为了有更好的实践,我想重构我编写的一个大型Python方法。
我写了一种从FSL神经成像库中解析设计文件的方法。设计文件是带有神经成像软件设置的文本文件。我最初编写的代码是通过文件在一个循环中完成所有处理。
我正在寻找各种各样的建议,但主要是设计技巧和最佳实践。我希望对整个项目的投入,但我知道这可能超出了这个网站的范围。
代码结构:
您还可以与较大的项目一起查看GitHub上的代码。
def parse_design_file(self,fsf_lines, type):
"""
Parses design file information and return information in parsed variables that can be used by the csv methods
"""
analysis_name=''
output_path=''
zvalue=''
pvalue=''
if type == self.FIRST_TYPE or self.PRE_TYPE:
in_file=''
if type == self.FIRST_TYPE:
ev_convolves=dict()
ev_paths=dict()
ev_deriv=dict()
ev_temp=dict()
if type == self.ME_TYPE or type == self.FE_TYPE:
feat_paths=dict()
count=''
if type == self.FIRST_TYPE or type == self.FE_TYPE:
ev_names=dict()
evg_lines=list()
cope_names=dict()
cope_def_lines=list()
if type == self.PRE_TYPE:
tr=''
total_volumes=''
brain_thresh=''
motion_correction=''
smoothing=''
deleted=''
if type == self.FE_TYPE:
first_example_dir=''
if type == self.ME_TYPE:
FE_example_dir=''
for line in fsf_lines:
#regex matching
#all
output_match=re.search("set fmri\(outputdir\)",line)
feat_file_match=re.search("feat_files\(\d+\)",line)
total_vols_match=re.search("fmri\(npts\)", line)
z_match=re.search("set fmri\(z_thresh\)",line)
p_match=re.search("set fmri\(prob_thresh\)",line)
if output_match:
output_path=self.get_fsf_value(line,output_match.end())
#TODO hardcoded stripping here, make flexible
if type == self.ME_TYPE:
run=re.search("ME",line)
elif type == self.FIRST_TYPE or type == self.PRE_TYPE:
run=re.search("r\d\/",line)
elif type == self.FE_TYPE:
run=re.search("FE\d*",line)
if run:
analysis_name=self.get_fsf_value(line,run.end())
if type == self.ME_TYPE:
analysis_name=self.strip_cope(analysis_name)
if total_vols_match:
value=self.get_fsf_value(line,total_vols_match.end())

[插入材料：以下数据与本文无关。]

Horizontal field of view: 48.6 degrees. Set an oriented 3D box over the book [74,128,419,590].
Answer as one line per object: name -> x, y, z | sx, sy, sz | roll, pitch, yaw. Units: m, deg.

if type == self.ME_TYPE or type == self.FE_TYPE:
count=value
if z_match:
value=self.get_fsf_value(line,z_match.end())
zvalue=value
if p_match:
value=self.get_fsf_value(line,p_match.end())
pvalue=value
if feat_file_match:
if type == self.FIRST_TYPE or type == self.PRE_TYPE:
value=self.get_fsf_value(line,feat_file_match.end())

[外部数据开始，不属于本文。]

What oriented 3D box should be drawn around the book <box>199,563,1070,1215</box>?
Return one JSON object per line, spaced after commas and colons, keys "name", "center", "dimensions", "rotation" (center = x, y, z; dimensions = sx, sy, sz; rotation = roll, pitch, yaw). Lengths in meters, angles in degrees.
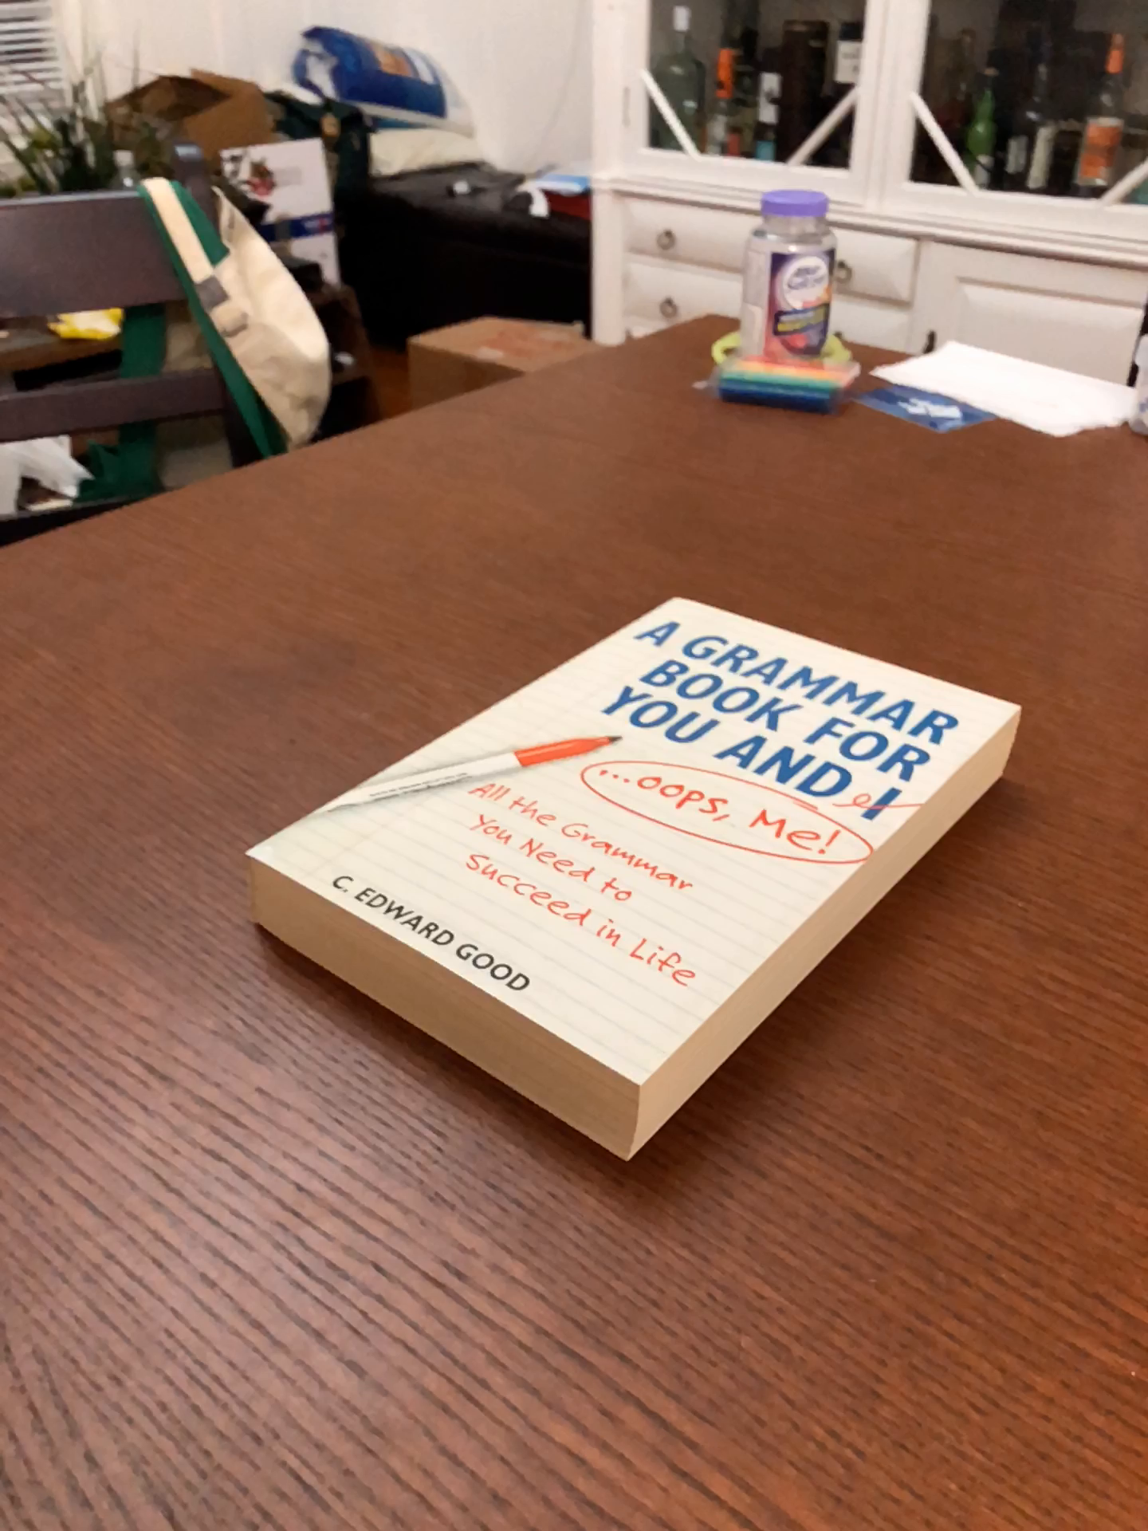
{"name": "book", "center": [0.031, 0.012, 0.421], "dimensions": [0.170, 0.040, 0.241], "rotation": [24, 40, 33]}

in_file=self.strip_root(value)
preproc_match=re.search("preproc.*feat",value)
#TODO inconsistent methodology here
if preproc_match:
self.preproc=value[preproc_match.start():preproc_match.end()]
print self.preproc
elif type == self.ME_TYPE or type == self.FE_TYPE:
value=self.get_fsf_value(line,feat_file_match.end())
index=self.get_fsf_indice(feat_file_match.group())
stripped=self.strip_fanal(line)
feat_paths[index]=stripped
if (type == self.ME_TYPE and not FE_example_dir) or (type == self.FE_TYPE and not first_example_dir):
set_match=re.search("set feat_files\(\d+\) \"",line)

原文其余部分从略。